Ortiz A I, Reglero A, Rodríguez-Aparicio L B, Luengo J M
Departamento de Bioquímica y Biología Molecular, Universidad de León, Spain.
Eur J Biochem. 1989 Jan 2;178(3):741-9. doi: 10.1111/j.1432-1033.1989.tb14505.x.
The membrane-bound sialyltransferase obtained from Escherichia coli K-235 grown in a chemically defined medium (ideal for colominic acid production) was studied. The in vivo half-life calculated for this enzyme was 20 h. Kinetic tests revealed (at 33 degrees C and pH 8.3) hyperbolic behaviour with respect to CMP-Neu5Ac (Km250 microM) and a transition temperature at 31.3 degrees C. The enzyme was inhibited by NH4+, some divalent cations and by several agents that react with thiol groups. Detergents and fatty acids also inhibited the sialyltransferase activity. In vitro synthesis of colominic acid is strongly inhibited by CMP by blocking the incorporation of [14C]Neu5Ac into a protein-complex intermediate and therefore into free polymer. CDP and CTP also inhibited (91% and 84%) this enzyme activity whereas cytosine and cytidine had no effect. CMP inhibition corresponded to a competitive model the calculated Ki was 30 microM. Incubations of protein[14C]Neu5Ac with CMP, CDP and CTP led to de novo synthesis of CMP-[14C]Neu5Ac. The presence of colominic acid, which usually displaces the reaction equilibrium towards polymer synthesis, did not affect this de novo CMP-[14C]Neu5Ac formation. CMP also inhibited in vivo colominic acid biosynthesis.
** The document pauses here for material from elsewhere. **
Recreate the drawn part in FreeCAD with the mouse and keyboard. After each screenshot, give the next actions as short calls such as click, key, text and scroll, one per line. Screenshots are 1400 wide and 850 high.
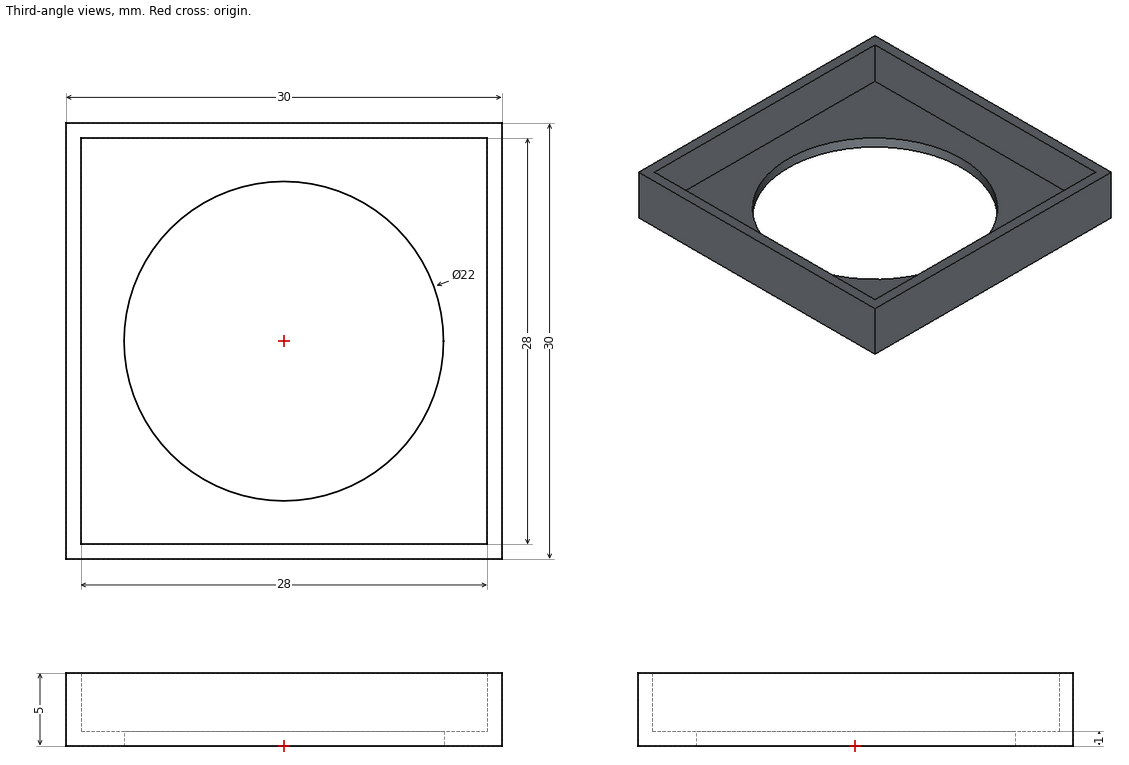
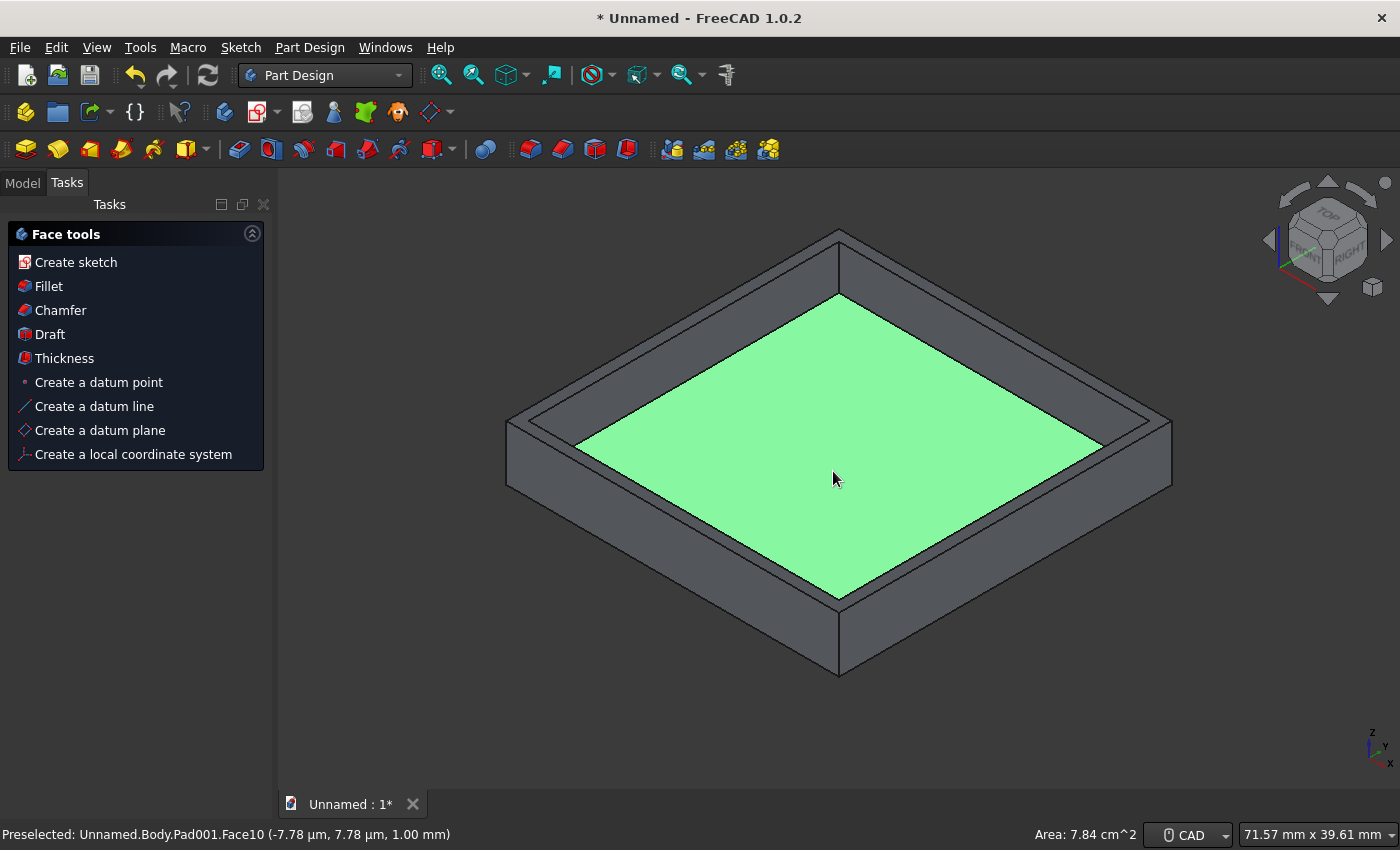
click(258, 112)

对从在化学限定培养基(适合产大肠杆菌K抗原多糖酸)中生长的大肠杆菌K - 235获得的膜结合唾液酸转移酶进行了研究。计算得出该酶在体内的半衰期为20小时。动力学测试表明(在33℃和pH 8.3条件下),该酶对CMP - Neu5Ac呈现双曲线行为(Km为250μM),转变温度为31.3℃。该酶受到NH4 +、一些二价阳离子以及几种与巯基反应的试剂的抑制。去污剂和脂肪酸也会抑制唾液酸转移酶的活性。通过阻止[14C]Neu5Ac掺入蛋白质 - 复合物中间体进而掺入游离聚合物中,CMP强烈抑制了大肠杆菌K抗原多糖酸的体外合成。CDP和CTP也抑制(分别为91%和84%)该酶的活性,而胞嘧啶和胞苷则无影响。CMP抑制符合竞争模型,计算得出的Ki为30μM。蛋白质[14C]Neu5Ac与CMP、CDP和CTP一起孵育导致了CMP - [14C]Neu5Ac的从头合成。通常会使反应平衡向聚合物合成方向移动的大肠杆菌K抗原多糖酸的存在,并不影响这种CMP - [14C]Neu5Ac的从头形成。CMP在体内也抑制大肠杆菌K抗原多糖酸的生物合成。